* _Working data_

<<<<

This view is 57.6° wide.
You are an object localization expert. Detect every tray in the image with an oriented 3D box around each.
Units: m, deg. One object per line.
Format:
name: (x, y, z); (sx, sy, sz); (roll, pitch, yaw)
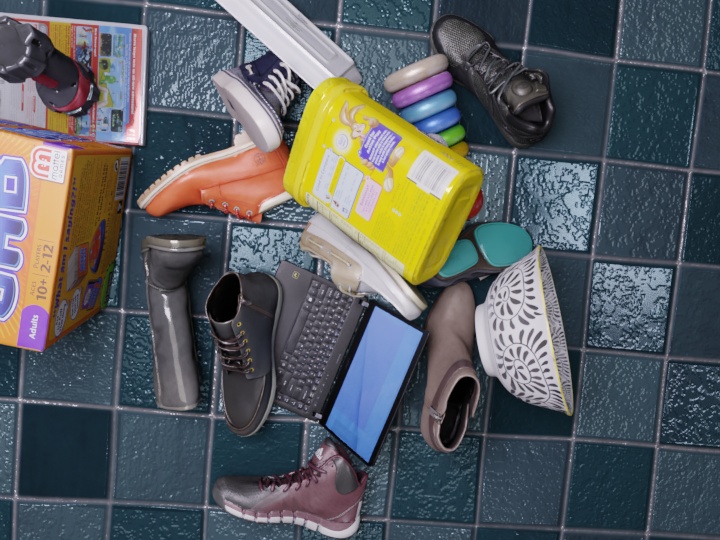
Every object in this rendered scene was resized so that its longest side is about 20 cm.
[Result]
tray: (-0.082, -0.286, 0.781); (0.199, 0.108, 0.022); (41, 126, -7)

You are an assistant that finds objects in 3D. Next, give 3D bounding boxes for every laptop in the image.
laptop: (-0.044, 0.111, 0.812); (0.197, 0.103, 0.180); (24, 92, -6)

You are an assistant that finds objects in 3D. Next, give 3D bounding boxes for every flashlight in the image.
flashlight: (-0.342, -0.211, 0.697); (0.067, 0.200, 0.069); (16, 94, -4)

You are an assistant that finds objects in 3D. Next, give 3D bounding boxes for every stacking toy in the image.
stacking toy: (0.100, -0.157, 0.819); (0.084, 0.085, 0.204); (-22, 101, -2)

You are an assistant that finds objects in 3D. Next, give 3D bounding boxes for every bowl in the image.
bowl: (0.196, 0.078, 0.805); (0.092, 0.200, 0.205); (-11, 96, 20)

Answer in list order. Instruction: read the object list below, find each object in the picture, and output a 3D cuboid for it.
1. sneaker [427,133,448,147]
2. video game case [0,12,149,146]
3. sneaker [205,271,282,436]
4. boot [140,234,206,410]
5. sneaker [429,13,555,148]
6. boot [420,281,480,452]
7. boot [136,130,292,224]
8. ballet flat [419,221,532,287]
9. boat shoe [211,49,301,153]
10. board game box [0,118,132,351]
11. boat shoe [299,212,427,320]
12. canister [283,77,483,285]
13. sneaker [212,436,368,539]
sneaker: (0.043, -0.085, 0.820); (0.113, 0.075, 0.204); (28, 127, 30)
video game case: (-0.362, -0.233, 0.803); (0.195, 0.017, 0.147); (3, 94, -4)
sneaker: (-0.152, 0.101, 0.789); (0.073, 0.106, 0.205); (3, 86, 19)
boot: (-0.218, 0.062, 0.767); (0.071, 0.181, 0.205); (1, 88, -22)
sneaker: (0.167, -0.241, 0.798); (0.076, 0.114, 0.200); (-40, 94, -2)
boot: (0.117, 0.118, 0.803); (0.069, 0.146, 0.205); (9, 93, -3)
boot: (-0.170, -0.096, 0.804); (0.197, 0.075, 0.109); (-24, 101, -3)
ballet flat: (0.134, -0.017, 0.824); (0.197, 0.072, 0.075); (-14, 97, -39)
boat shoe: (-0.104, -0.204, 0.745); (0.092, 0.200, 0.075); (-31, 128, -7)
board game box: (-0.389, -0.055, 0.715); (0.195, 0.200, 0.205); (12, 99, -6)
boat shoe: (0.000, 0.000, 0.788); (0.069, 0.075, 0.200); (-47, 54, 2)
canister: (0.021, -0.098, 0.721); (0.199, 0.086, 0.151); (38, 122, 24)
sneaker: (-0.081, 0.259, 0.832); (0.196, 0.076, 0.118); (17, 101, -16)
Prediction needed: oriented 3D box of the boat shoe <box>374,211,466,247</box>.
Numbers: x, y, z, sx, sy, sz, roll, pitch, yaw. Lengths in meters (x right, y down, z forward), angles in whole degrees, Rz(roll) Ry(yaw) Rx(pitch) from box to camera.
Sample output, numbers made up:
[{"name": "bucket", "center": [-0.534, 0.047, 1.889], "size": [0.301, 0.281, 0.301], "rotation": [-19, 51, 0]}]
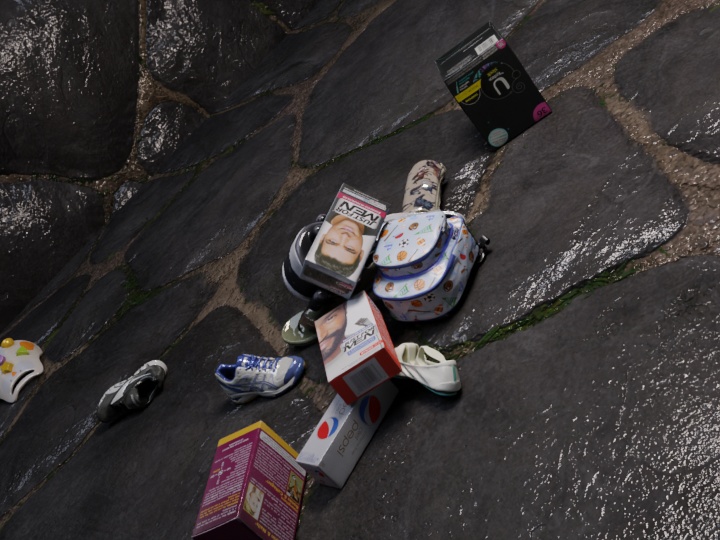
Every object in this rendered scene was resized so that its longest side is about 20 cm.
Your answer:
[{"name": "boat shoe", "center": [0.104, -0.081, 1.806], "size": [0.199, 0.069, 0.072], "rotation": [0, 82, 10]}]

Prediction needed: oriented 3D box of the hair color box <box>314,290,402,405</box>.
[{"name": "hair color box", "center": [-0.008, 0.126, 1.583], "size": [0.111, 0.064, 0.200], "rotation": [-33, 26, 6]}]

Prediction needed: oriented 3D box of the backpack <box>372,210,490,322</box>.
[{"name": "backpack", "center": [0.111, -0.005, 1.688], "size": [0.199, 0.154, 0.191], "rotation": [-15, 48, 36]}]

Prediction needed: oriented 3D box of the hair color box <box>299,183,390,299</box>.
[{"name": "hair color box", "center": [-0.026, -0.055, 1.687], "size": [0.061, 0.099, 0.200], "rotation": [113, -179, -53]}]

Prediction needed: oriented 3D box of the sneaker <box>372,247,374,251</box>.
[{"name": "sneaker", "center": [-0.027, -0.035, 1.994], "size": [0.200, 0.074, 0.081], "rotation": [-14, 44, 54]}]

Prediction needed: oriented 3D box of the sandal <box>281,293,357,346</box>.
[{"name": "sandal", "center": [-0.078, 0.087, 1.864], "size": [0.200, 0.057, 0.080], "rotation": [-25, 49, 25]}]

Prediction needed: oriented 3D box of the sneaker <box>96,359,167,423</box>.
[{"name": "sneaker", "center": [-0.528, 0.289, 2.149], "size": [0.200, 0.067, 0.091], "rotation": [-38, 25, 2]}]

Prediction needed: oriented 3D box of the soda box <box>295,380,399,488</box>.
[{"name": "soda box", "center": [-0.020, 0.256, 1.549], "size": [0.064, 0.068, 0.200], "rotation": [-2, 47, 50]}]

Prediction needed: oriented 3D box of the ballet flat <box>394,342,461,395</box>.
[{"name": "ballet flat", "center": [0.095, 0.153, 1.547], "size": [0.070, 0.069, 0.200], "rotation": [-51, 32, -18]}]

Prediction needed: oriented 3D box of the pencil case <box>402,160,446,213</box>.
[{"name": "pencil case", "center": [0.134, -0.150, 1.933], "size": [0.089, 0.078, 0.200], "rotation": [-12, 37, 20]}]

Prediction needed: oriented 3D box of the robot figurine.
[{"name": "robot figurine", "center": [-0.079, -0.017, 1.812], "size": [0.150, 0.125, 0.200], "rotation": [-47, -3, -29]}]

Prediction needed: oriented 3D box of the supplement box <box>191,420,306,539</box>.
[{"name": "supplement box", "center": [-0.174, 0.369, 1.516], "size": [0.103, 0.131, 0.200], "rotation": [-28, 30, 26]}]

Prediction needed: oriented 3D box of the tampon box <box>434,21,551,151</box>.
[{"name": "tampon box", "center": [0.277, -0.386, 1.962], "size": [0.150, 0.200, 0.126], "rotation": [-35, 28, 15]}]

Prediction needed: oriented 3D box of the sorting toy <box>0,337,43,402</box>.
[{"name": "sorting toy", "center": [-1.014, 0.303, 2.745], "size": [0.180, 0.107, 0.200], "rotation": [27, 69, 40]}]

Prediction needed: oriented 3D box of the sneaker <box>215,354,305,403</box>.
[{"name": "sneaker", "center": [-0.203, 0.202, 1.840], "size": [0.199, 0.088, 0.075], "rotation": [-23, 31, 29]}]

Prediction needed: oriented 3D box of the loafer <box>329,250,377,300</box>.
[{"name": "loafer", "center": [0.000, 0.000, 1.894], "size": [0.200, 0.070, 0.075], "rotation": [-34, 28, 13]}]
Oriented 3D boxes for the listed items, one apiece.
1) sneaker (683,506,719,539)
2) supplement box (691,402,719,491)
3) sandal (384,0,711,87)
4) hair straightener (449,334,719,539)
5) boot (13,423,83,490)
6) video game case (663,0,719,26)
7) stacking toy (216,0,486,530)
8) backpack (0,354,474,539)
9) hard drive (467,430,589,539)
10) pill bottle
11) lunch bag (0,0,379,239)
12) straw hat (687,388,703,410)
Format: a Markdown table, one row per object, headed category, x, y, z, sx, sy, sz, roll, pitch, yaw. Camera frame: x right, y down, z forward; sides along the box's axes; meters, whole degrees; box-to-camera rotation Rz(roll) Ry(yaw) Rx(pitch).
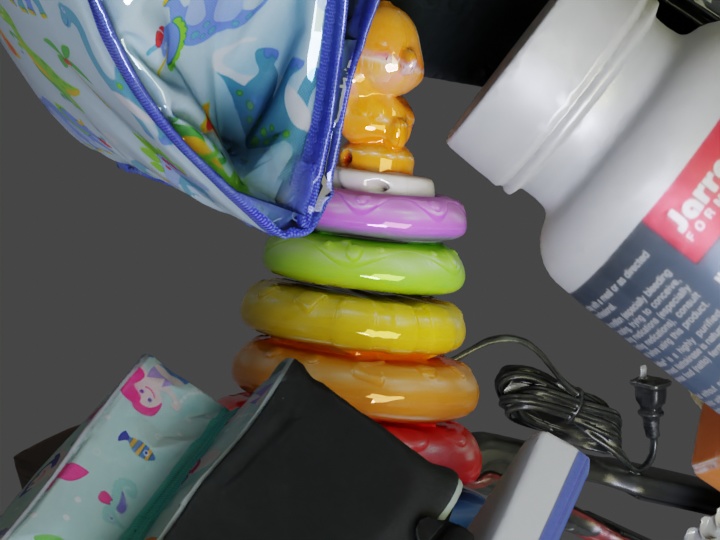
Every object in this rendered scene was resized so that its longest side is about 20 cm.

>>>>

* _Exercise directions_
Please set down the records above word for word and omit their pictures.

* _Exercise result_
This view is 57.6° wide.
You are an object localization expert. Detect every tray in the image with an oriented 3D box around each.
Units: m, deg. One object per line.
Format:
name: (x, y, z); (sx, sy, sz); (roll, pitch, yaw)
Every object in this rendered scene was resized so that its longest side is about 20 cm.
[Result]
tray: (-0.082, -0.286, 0.781); (0.199, 0.108, 0.022); (41, 126, -7)

You are an assistant that finds objects in 3D. Next, give 3D bounding boxes for every laptop in the image.
laptop: (-0.044, 0.111, 0.812); (0.197, 0.103, 0.180); (24, 92, -6)

You are an assistant that finds objects in 3D. Next, give 3D bounding boxes for every flashlight in the image.
flashlight: (-0.342, -0.211, 0.697); (0.067, 0.200, 0.069); (16, 94, -4)

You are an assistant that finds objects in 3D. Next, give 3D bounding boxes for every stacking toy in the image.
stacking toy: (0.100, -0.157, 0.819); (0.084, 0.085, 0.204); (-22, 101, -2)

You are an assistant that finds objects in 3D. Next, give 3D bounding boxes for every bowl in the image.
bowl: (0.196, 0.078, 0.805); (0.092, 0.200, 0.205); (-11, 96, 20)

Answer in list order. Instruction: read the object list below, find each object in the picture, and output a 3D cuboid for it.
1. sneaker [427,133,448,147]
2. video game case [0,12,149,146]
3. sneaker [205,271,282,436]
4. boot [140,234,206,410]
5. sneaker [429,13,555,148]
6. boot [420,281,480,452]
7. boot [136,130,292,224]
8. ballet flat [419,221,532,287]
9. boat shoe [211,49,301,153]
10. board game box [0,118,132,351]
11. boat shoe [299,212,427,320]
12. canister [283,77,483,285]
13. sneaker [212,436,368,539]
sneaker: (0.043, -0.085, 0.820); (0.113, 0.075, 0.204); (28, 127, 30)
video game case: (-0.362, -0.233, 0.803); (0.195, 0.017, 0.147); (3, 94, -4)
sneaker: (-0.152, 0.101, 0.789); (0.073, 0.106, 0.205); (3, 86, 19)
boot: (-0.218, 0.062, 0.767); (0.071, 0.181, 0.205); (1, 88, -22)
sneaker: (0.167, -0.241, 0.798); (0.076, 0.114, 0.200); (-40, 94, -2)
boot: (0.117, 0.118, 0.803); (0.069, 0.146, 0.205); (9, 93, -3)
boot: (-0.170, -0.096, 0.804); (0.197, 0.075, 0.109); (-24, 101, -3)
ballet flat: (0.134, -0.017, 0.824); (0.197, 0.072, 0.075); (-14, 97, -39)
boat shoe: (-0.104, -0.204, 0.745); (0.092, 0.200, 0.075); (-31, 128, -7)
board game box: (-0.389, -0.055, 0.715); (0.195, 0.200, 0.205); (12, 99, -6)
boat shoe: (0.000, 0.000, 0.788); (0.069, 0.075, 0.200); (-47, 54, 2)
canister: (0.021, -0.098, 0.721); (0.199, 0.086, 0.151); (38, 122, 24)
sneaker: (-0.081, 0.259, 0.832); (0.196, 0.076, 0.118); (17, 101, -16)
Prediction needed: oriented 3D box of the boat shoe <box>374,211,466,247</box>.
Numbers: x, y, z, sx, sy, sz, roll, pitch, yaw. Lengths in meters (x right, y down, z forward), angles in whole degrees, Rz(roll) Ry(yaw) Rx(pitch) from box to camera.
Sample output, numbers made up:
[{"name": "bucket", "center": [-0.534, 0.047, 1.889], "size": [0.301, 0.281, 0.301], "rotation": [-19, 51, 0]}]
Every object in this rendered scene was resized so that its longest side is about 20 cm.
Your answer:
[{"name": "boat shoe", "center": [0.104, -0.081, 1.806], "size": [0.199, 0.069, 0.072], "rotation": [0, 82, 10]}]

Prediction needed: oriented 3D box of the hair color box <box>314,290,402,405</box>.
[{"name": "hair color box", "center": [-0.008, 0.126, 1.583], "size": [0.111, 0.064, 0.200], "rotation": [-33, 26, 6]}]

Prediction needed: oriented 3D box of the backpack <box>372,210,490,322</box>.
[{"name": "backpack", "center": [0.111, -0.005, 1.688], "size": [0.199, 0.154, 0.191], "rotation": [-15, 48, 36]}]

Prediction needed: oriented 3D box of the hair color box <box>299,183,390,299</box>.
[{"name": "hair color box", "center": [-0.026, -0.055, 1.687], "size": [0.061, 0.099, 0.200], "rotation": [113, -179, -53]}]

Prediction needed: oriented 3D box of the sneaker <box>372,247,374,251</box>.
[{"name": "sneaker", "center": [-0.027, -0.035, 1.994], "size": [0.200, 0.074, 0.081], "rotation": [-14, 44, 54]}]

Prediction needed: oriented 3D box of the sandal <box>281,293,357,346</box>.
[{"name": "sandal", "center": [-0.078, 0.087, 1.864], "size": [0.200, 0.057, 0.080], "rotation": [-25, 49, 25]}]

Prediction needed: oriented 3D box of the sneaker <box>96,359,167,423</box>.
[{"name": "sneaker", "center": [-0.528, 0.289, 2.149], "size": [0.200, 0.067, 0.091], "rotation": [-38, 25, 2]}]

Prediction needed: oriented 3D box of the soda box <box>295,380,399,488</box>.
[{"name": "soda box", "center": [-0.020, 0.256, 1.549], "size": [0.064, 0.068, 0.200], "rotation": [-2, 47, 50]}]

Prediction needed: oriented 3D box of the ballet flat <box>394,342,461,395</box>.
[{"name": "ballet flat", "center": [0.095, 0.153, 1.547], "size": [0.070, 0.069, 0.200], "rotation": [-51, 32, -18]}]

Prediction needed: oriented 3D box of the pencil case <box>402,160,446,213</box>.
[{"name": "pencil case", "center": [0.134, -0.150, 1.933], "size": [0.089, 0.078, 0.200], "rotation": [-12, 37, 20]}]

Prediction needed: oriented 3D box of the robot figurine.
[{"name": "robot figurine", "center": [-0.079, -0.017, 1.812], "size": [0.150, 0.125, 0.200], "rotation": [-47, -3, -29]}]

Prediction needed: oriented 3D box of the supplement box <box>191,420,306,539</box>.
[{"name": "supplement box", "center": [-0.174, 0.369, 1.516], "size": [0.103, 0.131, 0.200], "rotation": [-28, 30, 26]}]

Prediction needed: oriented 3D box of the tampon box <box>434,21,551,151</box>.
[{"name": "tampon box", "center": [0.277, -0.386, 1.962], "size": [0.150, 0.200, 0.126], "rotation": [-35, 28, 15]}]

Prediction needed: oriented 3D box of the sorting toy <box>0,337,43,402</box>.
[{"name": "sorting toy", "center": [-1.014, 0.303, 2.745], "size": [0.180, 0.107, 0.200], "rotation": [27, 69, 40]}]

Prediction needed: oriented 3D box of the sneaker <box>215,354,305,403</box>.
[{"name": "sneaker", "center": [-0.203, 0.202, 1.840], "size": [0.199, 0.088, 0.075], "rotation": [-23, 31, 29]}]

Prediction needed: oriented 3D box of the loafer <box>329,250,377,300</box>.
[{"name": "loafer", "center": [0.000, 0.000, 1.894], "size": [0.200, 0.070, 0.075], "rotation": [-34, 28, 13]}]
Oriented 3D boxes for the listed items, one apiece.
1) sneaker (683,506,719,539)
2) supplement box (691,402,719,491)
3) sandal (384,0,711,87)
4) hair straightener (449,334,719,539)
5) boot (13,423,83,490)
6) video game case (663,0,719,26)
7) stacking toy (216,0,486,530)
8) backpack (0,354,474,539)
9) hard drive (467,430,589,539)
10) pill bottle
11) lunch bag (0,0,379,239)
12) straw hat (687,388,703,410)
Format: a Markdown table, one row per object, headed category, x, y, z, sx, sy, sz, roll, pitch, yaw. Camera frame: x right, y down, z forward; sides along the box's axes; meters, whole degrees; box-to-camera rotation Rz(roll) Ry(yaw) Rx(pitch).
Every object in this rendered scene was resized so that its longest side is about 20 cm.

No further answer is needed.